Due to the central limit theorem (CLT), the distribution of averages of 40 exponentials is very close to a normal distribution.

Simulations

Prepare the workspace by loading the libraries. Define the simulation parameters, as described in the task. Simulate the sample data.

#Load the libraries
library(ggplot2)
library(dplyr)

## 
## Attaching package: 'dplyr'

## The following objects are masked from 'package:stats':
## 
##     filter, lag

## The following objects are masked from 'package:base':
## 
##     intersect, setdiff, setequal, union

library(tidyr)


#Define simulation parameters
Lambda <- .2 
Exponential <- 40
Sims <- 1000
set.seed(12345)


#Simulate
SimData <- replicate(Sims, rexp(Exponential, Lambda))

Sample Mean versus Theoretical Mean

Calculate the means for the sample dataset, as well as the actual and theoretical means.

#Calculate simulation, actual and theoretical means
MeanSimData <- apply(SimData, 2, mean)
ActualMean <- mean(MeanSimData)
TheoryMean <- 1/Lambda
#MeanSimData <- data.frame(MeanSimData, TheoryMean)

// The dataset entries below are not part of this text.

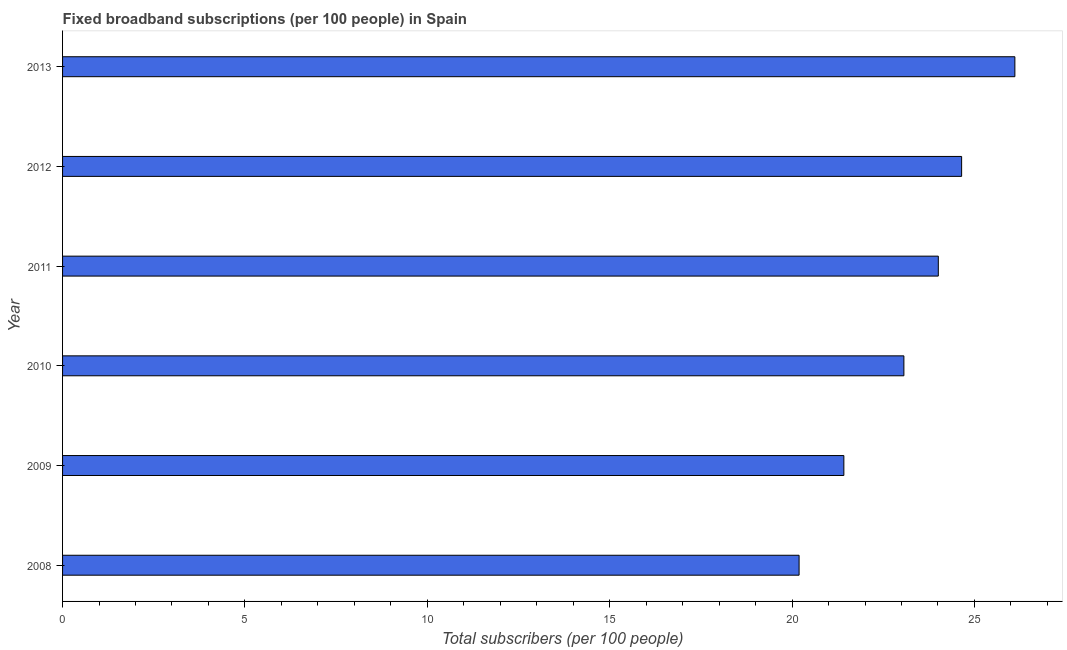Does the graph contain any zero values?
Your response must be concise. No. Does the graph contain grids?
Keep it short and to the point. No. What is the title of the graph?
Provide a succinct answer. Fixed broadband subscriptions (per 100 people) in Spain. What is the label or title of the X-axis?
Offer a very short reply. Total subscribers (per 100 people). What is the total number of fixed broadband subscriptions in 2012?
Your response must be concise. 24.65. Across all years, what is the maximum total number of fixed broadband subscriptions?
Ensure brevity in your answer.  26.11. Across all years, what is the minimum total number of fixed broadband subscriptions?
Your response must be concise. 20.19. In which year was the total number of fixed broadband subscriptions maximum?
Your answer should be very brief. 2013. What is the sum of the total number of fixed broadband subscriptions?
Ensure brevity in your answer.  139.45. What is the difference between the total number of fixed broadband subscriptions in 2010 and 2012?
Offer a terse response. -1.58. What is the average total number of fixed broadband subscriptions per year?
Give a very brief answer. 23.24. What is the median total number of fixed broadband subscriptions?
Offer a very short reply. 23.54. In how many years, is the total number of fixed broadband subscriptions greater than 11 ?
Provide a short and direct response. 6. Do a majority of the years between 2009 and 2011 (inclusive) have total number of fixed broadband subscriptions greater than 23 ?
Make the answer very short. Yes. What is the ratio of the total number of fixed broadband subscriptions in 2009 to that in 2012?
Keep it short and to the point. 0.87. What is the difference between the highest and the second highest total number of fixed broadband subscriptions?
Your answer should be compact. 1.46. Is the sum of the total number of fixed broadband subscriptions in 2011 and 2012 greater than the maximum total number of fixed broadband subscriptions across all years?
Give a very brief answer. Yes. What is the difference between the highest and the lowest total number of fixed broadband subscriptions?
Your response must be concise. 5.92. Are all the bars in the graph horizontal?
Make the answer very short. Yes. What is the difference between two consecutive major ticks on the X-axis?
Give a very brief answer. 5. What is the Total subscribers (per 100 people) of 2008?
Offer a very short reply. 20.19. What is the Total subscribers (per 100 people) in 2009?
Make the answer very short. 21.42. What is the Total subscribers (per 100 people) in 2010?
Your answer should be very brief. 23.07. What is the Total subscribers (per 100 people) in 2011?
Give a very brief answer. 24.01. What is the Total subscribers (per 100 people) in 2012?
Ensure brevity in your answer.  24.65. What is the Total subscribers (per 100 people) in 2013?
Your answer should be very brief. 26.11. What is the difference between the Total subscribers (per 100 people) in 2008 and 2009?
Offer a terse response. -1.23. What is the difference between the Total subscribers (per 100 people) in 2008 and 2010?
Give a very brief answer. -2.87. What is the difference between the Total subscribers (per 100 people) in 2008 and 2011?
Give a very brief answer. -3.82. What is the difference between the Total subscribers (per 100 people) in 2008 and 2012?
Make the answer very short. -4.46. What is the difference between the Total subscribers (per 100 people) in 2008 and 2013?
Offer a terse response. -5.92. What is the difference between the Total subscribers (per 100 people) in 2009 and 2010?
Keep it short and to the point. -1.65. What is the difference between the Total subscribers (per 100 people) in 2009 and 2011?
Provide a succinct answer. -2.59. What is the difference between the Total subscribers (per 100 people) in 2009 and 2012?
Offer a terse response. -3.23. What is the difference between the Total subscribers (per 100 people) in 2009 and 2013?
Provide a short and direct response. -4.69. What is the difference between the Total subscribers (per 100 people) in 2010 and 2011?
Make the answer very short. -0.94. What is the difference between the Total subscribers (per 100 people) in 2010 and 2012?
Offer a terse response. -1.58. What is the difference between the Total subscribers (per 100 people) in 2010 and 2013?
Offer a terse response. -3.04. What is the difference between the Total subscribers (per 100 people) in 2011 and 2012?
Give a very brief answer. -0.64. What is the difference between the Total subscribers (per 100 people) in 2011 and 2013?
Offer a terse response. -2.1. What is the difference between the Total subscribers (per 100 people) in 2012 and 2013?
Provide a short and direct response. -1.46. What is the ratio of the Total subscribers (per 100 people) in 2008 to that in 2009?
Your answer should be compact. 0.94. What is the ratio of the Total subscribers (per 100 people) in 2008 to that in 2010?
Your answer should be compact. 0.88. What is the ratio of the Total subscribers (per 100 people) in 2008 to that in 2011?
Provide a succinct answer. 0.84. What is the ratio of the Total subscribers (per 100 people) in 2008 to that in 2012?
Your answer should be very brief. 0.82. What is the ratio of the Total subscribers (per 100 people) in 2008 to that in 2013?
Provide a short and direct response. 0.77. What is the ratio of the Total subscribers (per 100 people) in 2009 to that in 2010?
Offer a very short reply. 0.93. What is the ratio of the Total subscribers (per 100 people) in 2009 to that in 2011?
Your response must be concise. 0.89. What is the ratio of the Total subscribers (per 100 people) in 2009 to that in 2012?
Give a very brief answer. 0.87. What is the ratio of the Total subscribers (per 100 people) in 2009 to that in 2013?
Your answer should be very brief. 0.82. What is the ratio of the Total subscribers (per 100 people) in 2010 to that in 2011?
Your response must be concise. 0.96. What is the ratio of the Total subscribers (per 100 people) in 2010 to that in 2012?
Your answer should be very brief. 0.94. What is the ratio of the Total subscribers (per 100 people) in 2010 to that in 2013?
Your answer should be compact. 0.88. What is the ratio of the Total subscribers (per 100 people) in 2011 to that in 2013?
Make the answer very short. 0.92. What is the ratio of the Total subscribers (per 100 people) in 2012 to that in 2013?
Provide a succinct answer. 0.94.

print(c("The Actual mean is", ActualMean, "while the Theorteical meanis", TheoryMean), quote = FALSE)

## [1] The Actual mean is           4.97197196424051            
## [3] while the Theorteical meanis 5

As printed above, the actual mean from the sample data is very close to the theoretical mean of normal data.

Sample Mean Distribution vs the Actual and Theoretical Means

PlotSimData <- data.frame(MeanSimData)

hist(MeanSimData, breaks = 10, col = "lightsteelblue2",
     xlim=c(3, 8.5), main = "Simulation Mean Distribution", 
     xlab = "Sample Mean")

#Plot Actual and Theoretical Means
abline(v=ActualMean, col="red", lwd=2)
abline(v=TheoryMean, col="blue", lwd=2)
legend(6, 260, legend=c("Actual Mean", "Theoretical Mean"),
       col=c("red", "blue"), lty=1:1, lwd=2, cex=1)

The above graph depicts the mean of the sample distribution with both the actual and theoretical means identified. As stated previously,the actual and theoretical means are very close.

Sample Variance vs Theoretical Variance

Calculate the standard deviations and variance for the sample dataset, both as actual and theoretical.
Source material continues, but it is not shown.